Listed records

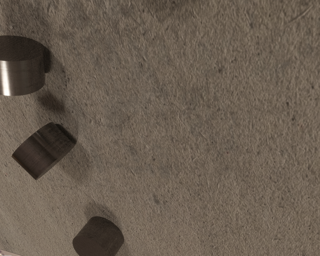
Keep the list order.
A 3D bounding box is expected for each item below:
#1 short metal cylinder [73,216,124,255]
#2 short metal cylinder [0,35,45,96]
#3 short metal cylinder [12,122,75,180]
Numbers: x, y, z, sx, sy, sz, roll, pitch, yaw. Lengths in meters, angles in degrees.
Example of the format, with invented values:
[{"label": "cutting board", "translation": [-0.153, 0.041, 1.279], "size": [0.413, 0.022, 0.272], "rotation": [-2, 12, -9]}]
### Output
[{"label": "short metal cylinder", "translation": [-0.115, 0.214, 0.581], "size": [0.080, 0.050, 0.079], "rotation": [13, 124, 20]}, {"label": "short metal cylinder", "translation": [-0.200, -0.086, 0.421], "size": [0.080, 0.080, 0.050], "rotation": [23, 127, 13]}, {"label": "short metal cylinder", "translation": [-0.181, 0.036, 0.486], "size": [0.050, 0.080, 0.080], "rotation": [47, 129, -5]}]
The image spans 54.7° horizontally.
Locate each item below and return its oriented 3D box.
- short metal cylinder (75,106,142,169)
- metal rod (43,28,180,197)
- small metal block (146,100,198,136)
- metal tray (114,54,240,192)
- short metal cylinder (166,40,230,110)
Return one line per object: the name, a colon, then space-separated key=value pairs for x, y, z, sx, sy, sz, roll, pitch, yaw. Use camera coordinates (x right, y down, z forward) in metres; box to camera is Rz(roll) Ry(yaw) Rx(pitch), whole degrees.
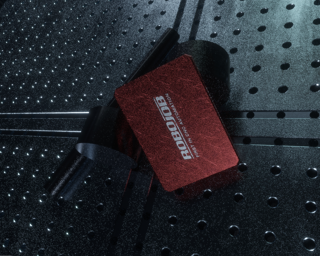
short metal cylinder: x=-0.060 y=0.014 z=0.396 sx=0.080 sy=0.080 sz=0.050 roll=2 pitch=63 yaw=29
metal rod: x=-0.066 y=-0.030 z=0.461 sx=0.025 sy=0.025 sz=0.300 roll=28 pitch=77 yaw=37
small metal block: x=0.017 y=-0.015 z=0.393 sx=0.050 sy=0.050 sz=0.025 roll=-9 pitch=58 yaw=23
metal tray: x=0.020 y=-0.004 z=0.342 sx=0.090 sy=0.130 sz=0.030 roll=-25 pitch=10 yaw=13
short metal cylinder: x=0.046 y=-0.063 z=0.387 sx=0.080 sy=0.080 sz=0.050 roll=-7 pitch=59 yaw=24
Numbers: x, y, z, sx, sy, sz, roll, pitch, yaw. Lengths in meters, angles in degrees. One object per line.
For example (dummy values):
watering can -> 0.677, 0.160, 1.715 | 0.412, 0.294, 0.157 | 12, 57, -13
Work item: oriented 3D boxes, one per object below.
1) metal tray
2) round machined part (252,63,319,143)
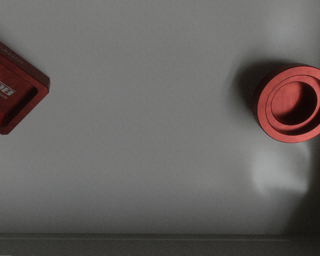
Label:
metal tray -> -0.210, -0.060, 0.363 | 0.090, 0.030, 0.130 | -42, 123, 13
round machined part -> 0.165, -0.033, 0.392 | 0.099, 0.042, 0.097 | 0, 110, -1
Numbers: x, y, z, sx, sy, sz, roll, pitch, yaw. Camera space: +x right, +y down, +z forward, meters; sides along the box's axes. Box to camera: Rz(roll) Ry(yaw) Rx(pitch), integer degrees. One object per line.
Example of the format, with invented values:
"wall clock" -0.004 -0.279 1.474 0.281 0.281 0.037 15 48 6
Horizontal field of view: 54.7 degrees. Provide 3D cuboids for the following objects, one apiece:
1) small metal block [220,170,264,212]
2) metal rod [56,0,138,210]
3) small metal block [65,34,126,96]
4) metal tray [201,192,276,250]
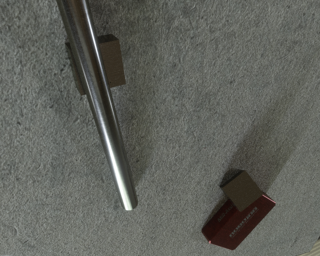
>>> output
"small metal block" 0.140 0.108 0.535 0.050 0.025 0.050 -37 86 -4
"metal rod" -0.058 0.001 0.351 0.025 0.025 0.298 -22 135 -16
"small metal block" -0.067 -0.068 0.329 0.050 0.025 0.050 -18 126 -18
"metal tray" 0.152 0.172 0.596 0.090 0.030 0.130 33 100 -39
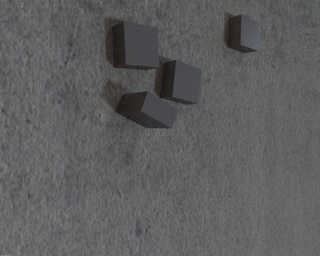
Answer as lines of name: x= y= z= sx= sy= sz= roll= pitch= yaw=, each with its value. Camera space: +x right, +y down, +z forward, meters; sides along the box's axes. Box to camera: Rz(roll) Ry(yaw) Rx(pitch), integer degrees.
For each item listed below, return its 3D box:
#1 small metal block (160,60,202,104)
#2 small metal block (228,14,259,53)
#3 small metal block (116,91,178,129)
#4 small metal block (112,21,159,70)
small metal block: x=0.030 y=-0.062 z=0.432 sx=0.050 sy=0.025 sz=0.050 roll=10 pitch=84 yaw=-40
small metal block: x=0.142 y=-0.159 z=0.527 sx=0.050 sy=0.025 sz=0.050 roll=3 pitch=88 yaw=-40
small metal block: x=-0.016 y=-0.020 z=0.377 sx=0.050 sy=0.050 sz=0.025 roll=28 pitch=72 yaw=-37
small metal block: x=-0.029 y=-0.099 z=0.382 sx=0.050 sy=0.025 sz=0.050 roll=-5 pitch=93 yaw=-40
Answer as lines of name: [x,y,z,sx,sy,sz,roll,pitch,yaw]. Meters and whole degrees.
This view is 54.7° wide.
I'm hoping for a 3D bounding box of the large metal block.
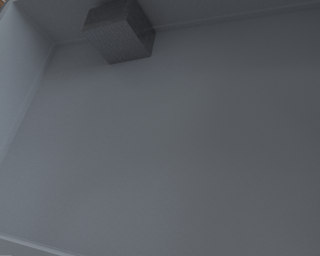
large metal block: [-0.064,-0.153,0.498,0.080,0.080,0.050,-5,60,26]
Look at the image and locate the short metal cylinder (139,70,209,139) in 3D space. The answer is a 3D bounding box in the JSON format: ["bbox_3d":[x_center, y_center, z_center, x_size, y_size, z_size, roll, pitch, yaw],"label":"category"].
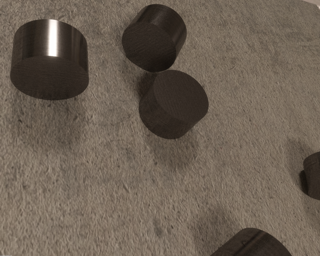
[{"bbox_3d":[0.018,-0.031,0.418,0.081,0.050,0.080,14,56,-21],"label":"short metal cylinder"}]

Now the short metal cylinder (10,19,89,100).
[{"bbox_3d":[-0.122,-0.074,0.349,0.081,0.080,0.050,5,60,-26],"label":"short metal cylinder"}]

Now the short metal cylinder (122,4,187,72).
[{"bbox_3d":[-0.007,-0.128,0.444,0.080,0.080,0.050,31,52,-9],"label":"short metal cylinder"}]

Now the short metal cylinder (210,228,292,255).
[{"bbox_3d":[0.097,0.155,0.328,0.050,0.080,0.080,-22,74,-36],"label":"short metal cylinder"}]

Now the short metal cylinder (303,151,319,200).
[{"bbox_3d":[0.265,0.073,0.470,0.081,0.080,0.050,19,54,-18],"label":"short metal cylinder"}]
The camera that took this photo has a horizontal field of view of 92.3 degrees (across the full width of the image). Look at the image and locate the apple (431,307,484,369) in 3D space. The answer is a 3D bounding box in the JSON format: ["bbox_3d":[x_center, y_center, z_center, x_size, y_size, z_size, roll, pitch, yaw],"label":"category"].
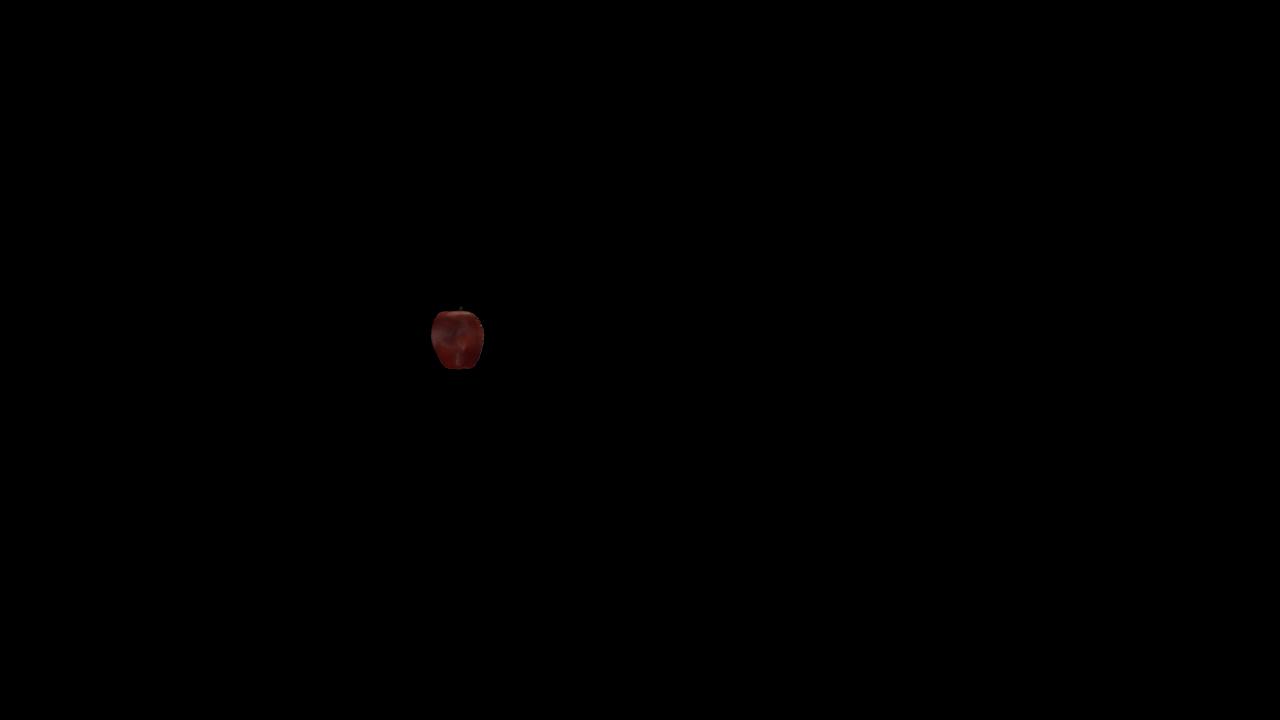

Required action
Search the preceding listing for "sides" and extract every line where it is found.

Exercise answer
Numbers: x, y, z, sx, sy, sz, roll, pitch, yaw. Camera space: +x right, +y down, +z forward, meters; sides along the box's axes. Box to camera: Rz(roll) Ry(yaw) Rx(pitch), integer degrees. One object per line.
Answer as lines of name: x= y= z= sx= sy= sz= roll= pitch= yaw=, each with its value. Camera space: +x right, +y down, +z forward, meters; sides along the box's axes. Box to camera: Rz(roll) Ry(yaw) Rx(pitch), integer degrees.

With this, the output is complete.